(Recorded data)
##############################
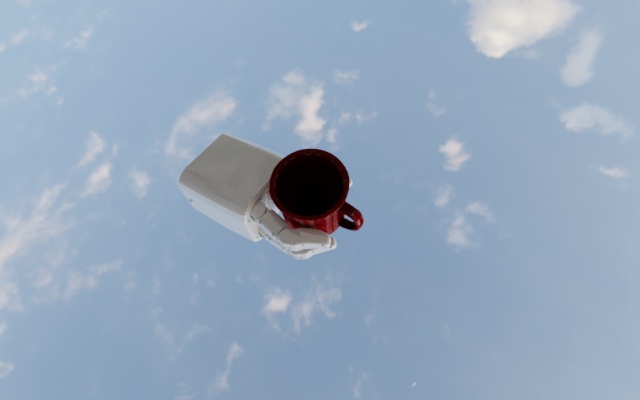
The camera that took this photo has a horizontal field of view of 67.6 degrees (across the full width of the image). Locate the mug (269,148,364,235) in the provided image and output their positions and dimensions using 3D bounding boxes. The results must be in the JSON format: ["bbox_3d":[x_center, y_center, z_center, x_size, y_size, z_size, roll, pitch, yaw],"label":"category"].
[{"bbox_3d":[0.001,0.003,0.579,0.117,0.093,0.081,26,-20,15],"label":"mug"}]
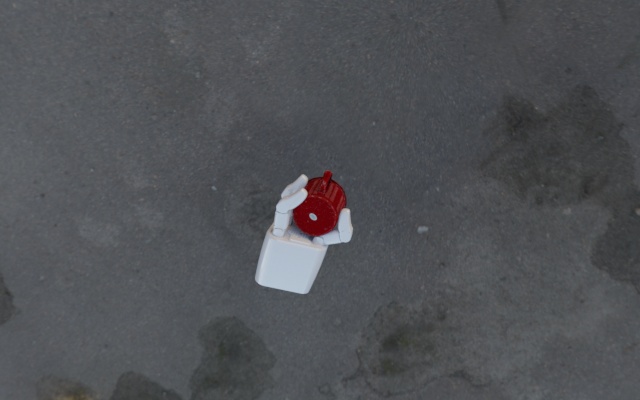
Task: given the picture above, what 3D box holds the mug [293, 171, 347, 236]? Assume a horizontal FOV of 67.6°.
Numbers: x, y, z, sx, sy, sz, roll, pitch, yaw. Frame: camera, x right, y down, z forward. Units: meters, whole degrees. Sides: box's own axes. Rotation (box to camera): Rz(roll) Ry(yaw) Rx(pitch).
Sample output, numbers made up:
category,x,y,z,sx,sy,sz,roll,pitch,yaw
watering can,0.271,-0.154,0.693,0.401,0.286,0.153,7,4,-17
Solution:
category,x,y,z,sx,sy,sz,roll,pitch,yaw
mug,0.001,0.002,0.864,0.093,0.117,0.081,19,24,3
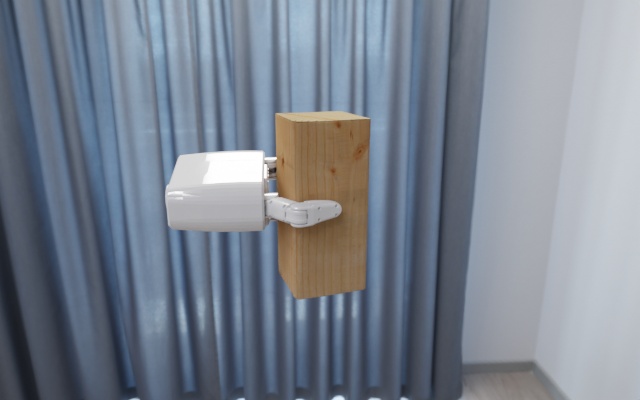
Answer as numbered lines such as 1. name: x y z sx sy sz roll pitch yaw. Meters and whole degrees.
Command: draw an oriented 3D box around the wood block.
1. wood block: 0.000 0.002 0.576 0.090 0.206 0.090 -5 17 -18
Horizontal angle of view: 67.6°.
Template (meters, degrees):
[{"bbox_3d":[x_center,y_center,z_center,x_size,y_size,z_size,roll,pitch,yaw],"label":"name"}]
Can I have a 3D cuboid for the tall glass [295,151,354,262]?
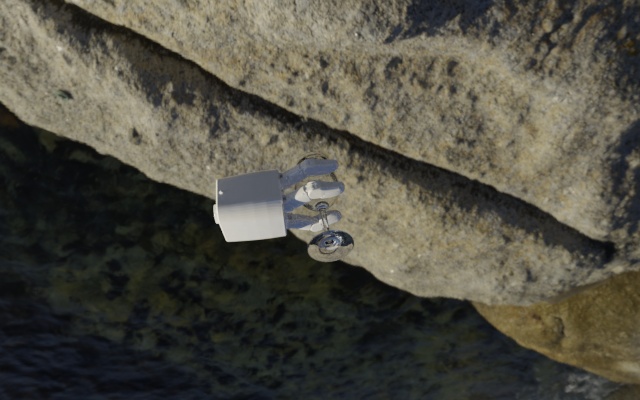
[{"bbox_3d":[0.000,0.003,0.808,0.079,0.079,0.200,0,44,-12],"label":"tall glass"}]
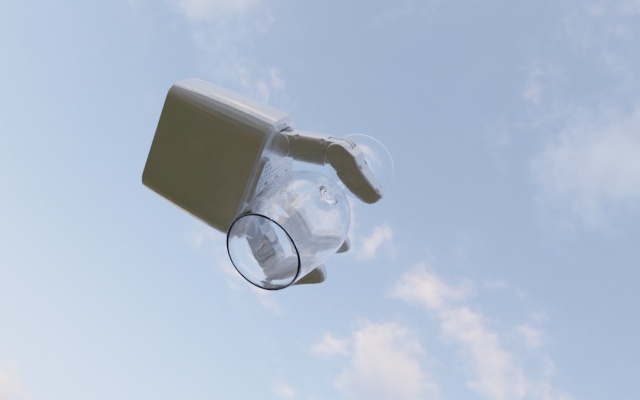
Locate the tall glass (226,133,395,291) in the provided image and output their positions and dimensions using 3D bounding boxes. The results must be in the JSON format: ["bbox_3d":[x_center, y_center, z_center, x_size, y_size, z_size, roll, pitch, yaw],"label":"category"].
[{"bbox_3d":[0.001,0.001,0.420,0.079,0.079,0.201,0,21,27],"label":"tall glass"}]
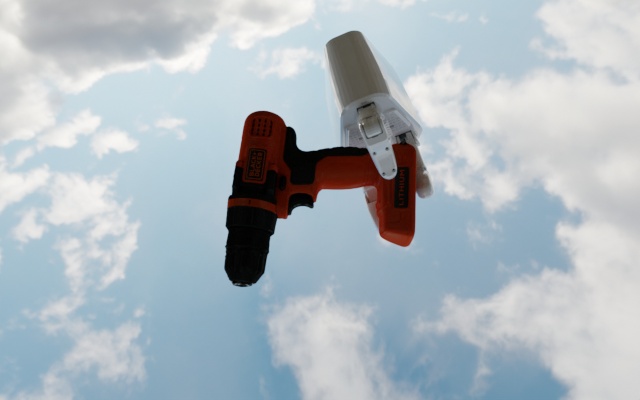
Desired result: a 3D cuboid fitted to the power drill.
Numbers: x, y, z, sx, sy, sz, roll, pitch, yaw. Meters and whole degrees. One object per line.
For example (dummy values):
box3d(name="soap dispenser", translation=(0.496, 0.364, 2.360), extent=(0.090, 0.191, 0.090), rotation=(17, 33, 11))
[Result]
##############################
» **WHAT IS BEING ASKED**: For every entry above, please output the text exactly and leave any picture behind.

» **SOLUTION FOR THIS TASK**:
The camera that took this photo has a horizontal field of view of 67.6 degrees (across the full width of the image). Locate the mug (269,148,364,235) in the provided image and output their positions and dimensions using 3D bounding boxes. The results must be in the JSON format: ["bbox_3d":[x_center, y_center, z_center, x_size, y_size, z_size, roll, pitch, yaw],"label":"category"].
[{"bbox_3d":[0.001,0.003,0.579,0.117,0.093,0.081,26,-20,15],"label":"mug"}]
Task: given the picture above, what 3D box holds the mug [293, 171, 347, 236]? Assume a horizontal FOV of 67.6°.
Numbers: x, y, z, sx, sy, sz, roll, pitch, yaw. Frame: camera, x right, y down, z forward. Units: meters, whole degrees. Sides: box's own axes. Rotation (box to camera): Rz(roll) Ry(yaw) Rx(pitch).
Sample output, numbers made up:
category,x,y,z,sx,sy,sz,roll,pitch,yaw
watering can,0.271,-0.154,0.693,0.401,0.286,0.153,7,4,-17
Solution:
category,x,y,z,sx,sy,sz,roll,pitch,yaw
mug,0.001,0.002,0.864,0.093,0.117,0.081,19,24,3
Answer as numbered lines such as 1. name: x y z sx sy sz roll pitch yaw. Meters and whole degrees.
Command: draw an oriented 3D box around the wood block.
1. wood block: 0.000 0.002 0.576 0.090 0.206 0.090 -5 17 -18
Horizontal angle of view: 67.6°.
Template (meters, degrees):
[{"bbox_3d":[x_center,y_center,z_center,x_size,y_size,z_size,roll,pitch,yaw],"label":"name"}]
Can I have a 3D cuboid for the tall glass [295,151,354,262]?
[{"bbox_3d":[0.000,0.003,0.808,0.079,0.079,0.200,0,44,-12],"label":"tall glass"}]
Locate the tall glass (226,133,395,291) in the provided image and output their positions and dimensions using 3D bounding boxes. The results must be in the JSON format: ["bbox_3d":[x_center, y_center, z_center, x_size, y_size, z_size, roll, pitch, yaw],"label":"category"].
[{"bbox_3d":[0.001,0.001,0.420,0.079,0.079,0.201,0,21,27],"label":"tall glass"}]
Desired result: a 3D cuboid fitted to the power drill.
Numbers: x, y, z, sx, sy, sz, roll, pitch, yaw. Meters and whole degrees. One object per line.
For example (dummy values):
box3d(name="soap dispenser", translation=(0.496, 0.364, 2.360), extent=(0.090, 0.191, 0.090), rotation=(17, 33, 11))
[Result]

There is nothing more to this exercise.